Saved data entries:
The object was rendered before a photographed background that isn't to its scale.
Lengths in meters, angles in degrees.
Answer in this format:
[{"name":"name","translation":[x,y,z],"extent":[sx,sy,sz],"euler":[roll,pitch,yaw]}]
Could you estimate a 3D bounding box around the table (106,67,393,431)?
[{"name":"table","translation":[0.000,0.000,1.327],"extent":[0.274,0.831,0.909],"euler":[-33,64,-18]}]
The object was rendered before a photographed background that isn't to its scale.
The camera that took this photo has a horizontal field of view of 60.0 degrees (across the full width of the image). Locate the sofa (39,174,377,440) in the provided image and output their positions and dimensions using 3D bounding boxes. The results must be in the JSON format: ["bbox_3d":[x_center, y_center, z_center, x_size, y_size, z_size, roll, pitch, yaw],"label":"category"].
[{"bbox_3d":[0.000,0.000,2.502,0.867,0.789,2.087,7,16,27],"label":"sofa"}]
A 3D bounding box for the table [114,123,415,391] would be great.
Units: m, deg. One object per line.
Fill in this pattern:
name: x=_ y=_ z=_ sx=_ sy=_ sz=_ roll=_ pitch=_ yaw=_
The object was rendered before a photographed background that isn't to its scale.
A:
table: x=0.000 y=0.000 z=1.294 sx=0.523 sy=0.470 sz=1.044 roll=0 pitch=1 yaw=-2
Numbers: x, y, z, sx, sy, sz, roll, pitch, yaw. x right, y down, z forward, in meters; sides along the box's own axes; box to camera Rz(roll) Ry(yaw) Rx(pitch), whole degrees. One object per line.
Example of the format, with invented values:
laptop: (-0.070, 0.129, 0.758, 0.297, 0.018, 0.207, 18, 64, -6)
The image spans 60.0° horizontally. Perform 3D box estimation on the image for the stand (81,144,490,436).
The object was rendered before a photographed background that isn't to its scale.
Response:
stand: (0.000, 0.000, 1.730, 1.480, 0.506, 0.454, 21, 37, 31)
--
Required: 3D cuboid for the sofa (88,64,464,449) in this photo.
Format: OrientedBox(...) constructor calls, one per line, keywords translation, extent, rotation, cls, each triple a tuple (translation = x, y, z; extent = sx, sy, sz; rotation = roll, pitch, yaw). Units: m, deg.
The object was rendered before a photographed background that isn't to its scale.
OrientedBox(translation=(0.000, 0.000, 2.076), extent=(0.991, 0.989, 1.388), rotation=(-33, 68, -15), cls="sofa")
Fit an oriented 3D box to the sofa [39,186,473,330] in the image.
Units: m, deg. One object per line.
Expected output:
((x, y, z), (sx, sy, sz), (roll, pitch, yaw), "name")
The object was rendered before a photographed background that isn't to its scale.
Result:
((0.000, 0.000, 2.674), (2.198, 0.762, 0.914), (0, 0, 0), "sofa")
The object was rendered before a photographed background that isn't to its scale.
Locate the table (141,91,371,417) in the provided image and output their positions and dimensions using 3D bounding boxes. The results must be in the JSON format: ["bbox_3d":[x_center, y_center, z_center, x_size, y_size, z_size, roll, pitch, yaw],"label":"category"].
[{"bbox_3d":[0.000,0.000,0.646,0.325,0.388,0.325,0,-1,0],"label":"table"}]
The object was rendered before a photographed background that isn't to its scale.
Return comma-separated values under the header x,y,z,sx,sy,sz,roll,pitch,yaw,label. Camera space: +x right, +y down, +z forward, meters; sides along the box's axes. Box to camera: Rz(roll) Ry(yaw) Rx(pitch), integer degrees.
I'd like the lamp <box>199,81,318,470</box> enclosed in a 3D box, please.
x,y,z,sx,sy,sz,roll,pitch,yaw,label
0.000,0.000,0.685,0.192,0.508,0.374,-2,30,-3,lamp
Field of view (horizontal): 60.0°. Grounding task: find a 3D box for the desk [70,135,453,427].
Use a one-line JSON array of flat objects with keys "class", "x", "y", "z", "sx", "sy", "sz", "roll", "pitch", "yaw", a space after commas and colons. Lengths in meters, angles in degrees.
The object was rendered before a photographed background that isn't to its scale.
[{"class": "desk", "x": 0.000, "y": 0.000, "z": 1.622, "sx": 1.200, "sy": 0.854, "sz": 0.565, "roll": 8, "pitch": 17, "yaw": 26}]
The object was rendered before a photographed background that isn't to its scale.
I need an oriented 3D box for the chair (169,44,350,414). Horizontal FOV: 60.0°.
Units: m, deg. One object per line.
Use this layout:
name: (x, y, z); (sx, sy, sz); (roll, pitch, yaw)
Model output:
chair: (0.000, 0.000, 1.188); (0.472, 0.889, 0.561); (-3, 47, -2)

**Brief**
Which lines of the data contain the word "with"? Copy each one.

**Completed task**
Example of the format, with invented values:
Use a one-line JSON array of flat objects with keys "class", "x", "y", "z", "sx", "sy", "sz", "roll", "pitch", "yaw", a space after commas and colons. Lengths in meters, angles in degrees.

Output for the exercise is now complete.